She tells me you are getting 6 months of vacation twice a year what more do you want?


----------



## oldognewtrick (Feb 16, 2020)

If this wasn't a PG site, I would express in great detail my thoughts on finishing drywall.


----------



## Michael Armstrong (Feb 16, 2020)

We're re-doing our master bath to make it ADA-friendly for yours truly. Thanks to my new friend, ALS, we've hired this out rather than doing it ourselves, as we have done for the last 45 years or so. I thought I was a pretty good DIYer, but I was humbled (watching the real pros at work) and stunned (to see how much I had saved over the years by doing it myself). Some highlights: Protecting workspace with Zipwalls, floor protection, etc., and demo of old bathroom and adjoining closet: 1 day. Reframing for new layout, including lowering the underlying joists to allow a roll-in shower, cutting in a new window in the new shower, enlarging doors from 28" to 36",  shoring up the floor joists to compensate for all that (as well as for an error in the original load calculation): 1 day. Plumbing rough for entire bathroom: 1 1/2 days. Electrical rough including new home run for 240VAC heat for shower, new lighting in relocated closet: 1 1/2 days. Reworking double vanity  to accommodate wheelchair at one sink, and hanging vanity on a wall that turned out no to be plane: 1 day. Somehow they sneaked in hanging and finishing all drywall in bathroom and new closet space, installing hanging and shelving,  ready for use. Tile guy started 3 days ago with basic Schluter system, ready for tile tomorrow.

What got me started on this was the discussion of drywall and sandpaper. I knew a guy in Florida who did all my drywall worked where it would show. I never saw him use sandpaper. Ever.


----------



## bud16415 (Feb 16, 2020)

Michael Armstrong said:


> What got me started on this was the discussion of drywall and sandpaper. I knew a guy in Florida who did all my drywall worked where it would show. I never saw him use sandpaper. Ever.
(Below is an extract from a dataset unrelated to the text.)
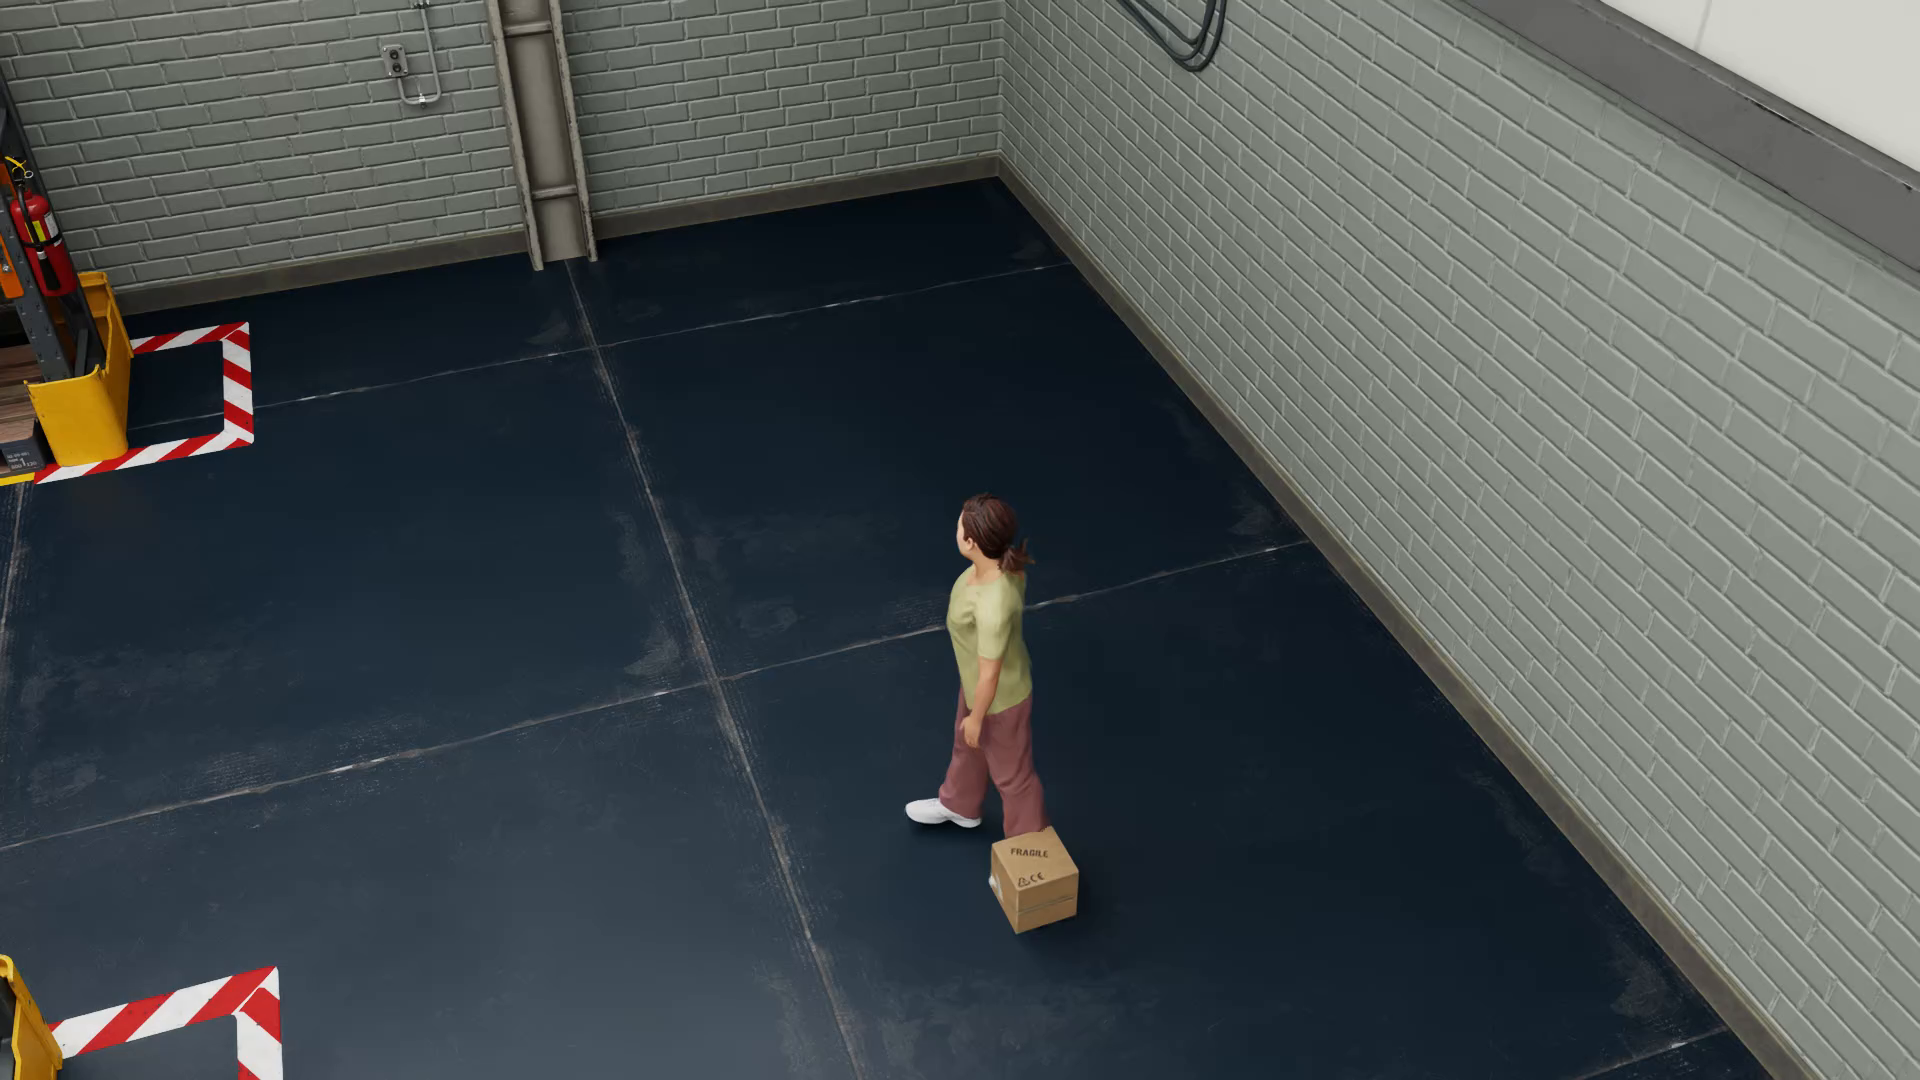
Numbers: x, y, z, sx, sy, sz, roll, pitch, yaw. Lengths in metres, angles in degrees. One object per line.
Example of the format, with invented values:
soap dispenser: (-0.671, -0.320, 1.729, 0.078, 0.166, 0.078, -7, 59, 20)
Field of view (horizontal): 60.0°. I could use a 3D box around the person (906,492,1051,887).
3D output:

We had an old guy that did a whole house drywall job. He shows up on the paint day and tells my friend (homeowner) today we sand and paint. He pulls a little piece of sandpaper out of his shirt pocket and takes a little swipe on the wall and tells him sanding is done on to painting. The job looks beautiful.


Not me I’m covered in dust getting it looking good, that’s why I’m not a pro. I did all my ceilings and her grandfather came over with his concrete float pole aluminum about 8’ long. I put my sander on that off of the broom handle I had on it. What a difference that made.


----------



## oldognewtrick (Feb 16, 2020)

I'll be the first to tell you I'm not a vert good drywaller. Being around new construction and remodels for 25 years I had the opportunity to see some craftsmen that do it every day. The harder I try to do what I saw them do, the more sanding I have to do. But... Doesn't keep me from working harder, not smarter. 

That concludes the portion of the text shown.